Awesome
HOS-MetadataTransformations
Automated workflow for harvesting, transforming and indexing of metadata using metha, OpenRefine and Solr. Part of the Hamburg Open Science "Schaufenster" software stack.
Use case
- Harvest metadata in different standards (dublin core, datacite, ...) from multiple OAI-PMH endpoints
- Transform harvested data with specific rules for each source to produce normalized and enriched data
- Load transformed data into a Solr search index (which serves as a backend for a discovery system, e.g. HOS-TYPO3-find)
Data Flow
Source: flowchart.mmd (try mermaid live editor)
Preview
Features
- Simple automated cronjob-ready workflow: one bash script for each data source and an additional script to run all scripts in parallel
- Cache for incremental OAI harvesting (via metha)
- Graphical user interface (OpenRefine) for exploring the data, creating the transformation rules and checking the results; it is accessible in the local network via a web browser; data will be updated automatically
- Results are made available in preinstalled local or in external Solr core. You can set (and reset) the Solr schema via bash script.
- Data is stored in the filesystem in common formats (xml, tsv) so you can extend the workflow with command line tools to further manipulate the data.
System requirements
- minimum: 2GB RAM
- recommended: 8GB RAM (to run all scripts in parallel)
Installation
tested with Ubuntu 16.04 LTS and Ubuntu 18.04 LTS
install git:
sudo apt install git
clone this git repository:
git clone https://github.com/subhh/HOS-MetadataTransformations.git
cd HOS-MetadataTransformations
install openjdk-8-jre-headless, zip, curl, jq, metha 1.29, OpenRefine 3.2 beta, openrefine-client 0.3.4 and Solr 7.3.1:
sudo ./install.sh
Configure Solr schema:
./init-solr-schema.sh
Usage
Data will be available after first run at:
- Solr admin: http://localhost:8983/solr/#/hos
- Solr browse: http://localhost:8983/solr/hos/browse
- OpenRefine: http://localhost:3333
Run workflow with data source "uhhediss" and load data into local Solr (-s) and local OpenRefine service (-d)

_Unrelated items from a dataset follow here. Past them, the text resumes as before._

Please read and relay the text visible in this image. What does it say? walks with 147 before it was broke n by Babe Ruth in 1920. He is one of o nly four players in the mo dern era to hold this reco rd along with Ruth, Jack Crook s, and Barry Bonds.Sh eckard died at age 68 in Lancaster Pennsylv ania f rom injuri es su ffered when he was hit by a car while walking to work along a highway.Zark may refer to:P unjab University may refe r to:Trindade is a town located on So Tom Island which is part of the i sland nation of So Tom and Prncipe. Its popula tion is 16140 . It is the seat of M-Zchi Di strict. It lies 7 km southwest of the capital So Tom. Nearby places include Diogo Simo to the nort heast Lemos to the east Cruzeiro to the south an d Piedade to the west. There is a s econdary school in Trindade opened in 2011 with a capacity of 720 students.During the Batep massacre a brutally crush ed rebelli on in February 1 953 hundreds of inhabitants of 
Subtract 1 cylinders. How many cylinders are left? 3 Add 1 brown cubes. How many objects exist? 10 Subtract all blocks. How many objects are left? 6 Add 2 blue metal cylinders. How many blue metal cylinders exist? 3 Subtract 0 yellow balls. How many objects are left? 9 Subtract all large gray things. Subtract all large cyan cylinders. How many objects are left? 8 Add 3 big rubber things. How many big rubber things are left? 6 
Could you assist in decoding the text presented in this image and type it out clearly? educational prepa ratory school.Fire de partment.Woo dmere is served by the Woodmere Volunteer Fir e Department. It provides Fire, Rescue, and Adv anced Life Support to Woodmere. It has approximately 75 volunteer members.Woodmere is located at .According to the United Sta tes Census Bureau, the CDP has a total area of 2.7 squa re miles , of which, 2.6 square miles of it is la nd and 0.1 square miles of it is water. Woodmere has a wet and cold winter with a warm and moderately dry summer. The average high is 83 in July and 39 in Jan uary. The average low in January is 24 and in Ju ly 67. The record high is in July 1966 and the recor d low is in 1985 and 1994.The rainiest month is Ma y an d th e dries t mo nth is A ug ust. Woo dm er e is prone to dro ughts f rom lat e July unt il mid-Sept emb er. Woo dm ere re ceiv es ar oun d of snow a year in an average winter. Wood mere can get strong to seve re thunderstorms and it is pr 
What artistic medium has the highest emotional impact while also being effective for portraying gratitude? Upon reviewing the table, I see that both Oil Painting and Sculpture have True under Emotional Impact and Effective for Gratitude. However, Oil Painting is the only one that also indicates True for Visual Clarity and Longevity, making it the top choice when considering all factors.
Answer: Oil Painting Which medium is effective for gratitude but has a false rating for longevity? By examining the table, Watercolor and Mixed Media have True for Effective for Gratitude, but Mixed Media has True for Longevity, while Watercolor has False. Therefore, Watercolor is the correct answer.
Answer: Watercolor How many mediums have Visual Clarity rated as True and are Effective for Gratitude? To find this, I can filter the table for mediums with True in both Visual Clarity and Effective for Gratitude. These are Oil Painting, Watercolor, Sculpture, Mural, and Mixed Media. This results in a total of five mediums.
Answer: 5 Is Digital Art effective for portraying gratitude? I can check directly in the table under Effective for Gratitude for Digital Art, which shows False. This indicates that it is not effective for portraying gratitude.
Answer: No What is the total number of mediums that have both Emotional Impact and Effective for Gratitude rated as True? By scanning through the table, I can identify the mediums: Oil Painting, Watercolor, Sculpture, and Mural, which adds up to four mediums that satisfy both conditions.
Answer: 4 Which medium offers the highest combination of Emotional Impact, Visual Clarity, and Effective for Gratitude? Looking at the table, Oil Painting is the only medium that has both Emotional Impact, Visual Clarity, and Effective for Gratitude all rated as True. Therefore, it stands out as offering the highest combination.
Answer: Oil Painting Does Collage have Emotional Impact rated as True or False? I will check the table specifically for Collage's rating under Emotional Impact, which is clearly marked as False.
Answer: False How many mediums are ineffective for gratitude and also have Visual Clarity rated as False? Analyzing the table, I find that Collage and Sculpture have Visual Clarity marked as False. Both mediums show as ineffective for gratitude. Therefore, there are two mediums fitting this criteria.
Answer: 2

bin/uhhediss.sh -s http://localhost:8983/solr/hos -d http://localhost:3333
Run workflow with all data sources in parallel and load data into local Solr (-s) and local OpenRefine service (-d):
./run.sh -s http://localhost:8983/solr/hos -d http://localhost:3333
Run workflow with all data sources and load data into two external Solr cores (-s) and external OpenRefine service (-d)
./run.sh -s https://hosdev.sub.uni-hamburg.de/solrAdmin/HOS -s https://openscience.hamburg.de/solrAdmin/HOS -d http://openrefine.sub.uni-hamburg.de:80
Solr authentication
If your external Solr is secured with username/password (Basic Authentication Plugin), you may provide the credentials by copying cfg/solr/credentials.example to cfg/solr/credentials
and fill in username and password.
cp cfg/solr/credentials.example cfg/solr/credentials
nano cfg/solr/credentials
chmod 400 cfg/solr/credentials
Cronjob
Example for daily cronjob at 00:35 AM to run workflow with all data sources, load data into external Solr core (-s) and external OpenRefine service (-d) and delete files older than 7 days (-x)
command="$(readlink -f run.sh) -s https://hosdev.sub.uni-hamburg.de/solrAdmin/HOS -d http://openrefine.sub.uni-hamburg.de:80 -x 7"
job="35 0 * * * $command"
cat <(fgrep -i -v "$command" <(crontab -l)) <(echo "$job") | crontab -
Add a data source
- Step 1: Harvest new OAI-PMH endpoint and load data into OpenRefine. Example for a new data source called
yourdatasource
with OAI-PMH endpointhttp://ediss.sub.uni-hamburg.de/oai2/oai2.php
:
./load-new-data.sh -c yourdatasource -i http://ediss.sub.uni-hamburg.de/oai2/oai2.php
-
Step 2: Explore the data in OpenRefine at http://localhost:3333 (project
yourdatasource_new
) and create transformations until data looks fine and suits the Solr schema. -
Step 3: Extract the OpenRefine project history in json format and save it in a subdirectory of cfg/, e.g.
cfg/yourdatasource/transformation.json
. -
Step 4: Copy an existing bash shell script (e.g. bin/uhhediss.sh to
bin/yourdatasource.sh
and edit line 17 (codename of the source, e.g.yourdatasource
) and line 18 (url to OAI-PMH endpoint, e.g.http://ediss.sub.uni-hamburg.de/oai2/oai2.php
). If you load a big dataset you may need to allocate more memory to OpenRefine (line 19).
cp -a bin/uhhediss.sh bin/yourdatasource.sh
gedit bin/yourdatasource.sh
- Step 5: Run your shell script (or full workflow)
bin/yourdatasource.sh -s http://localhost:8983/solr/hos -d http://localhost:3333
- Step 6: Check results in OpenRefine at http://localhost:3333 (project
yourdatasource_live
) and Solr (query: collectionId:yourdatasource)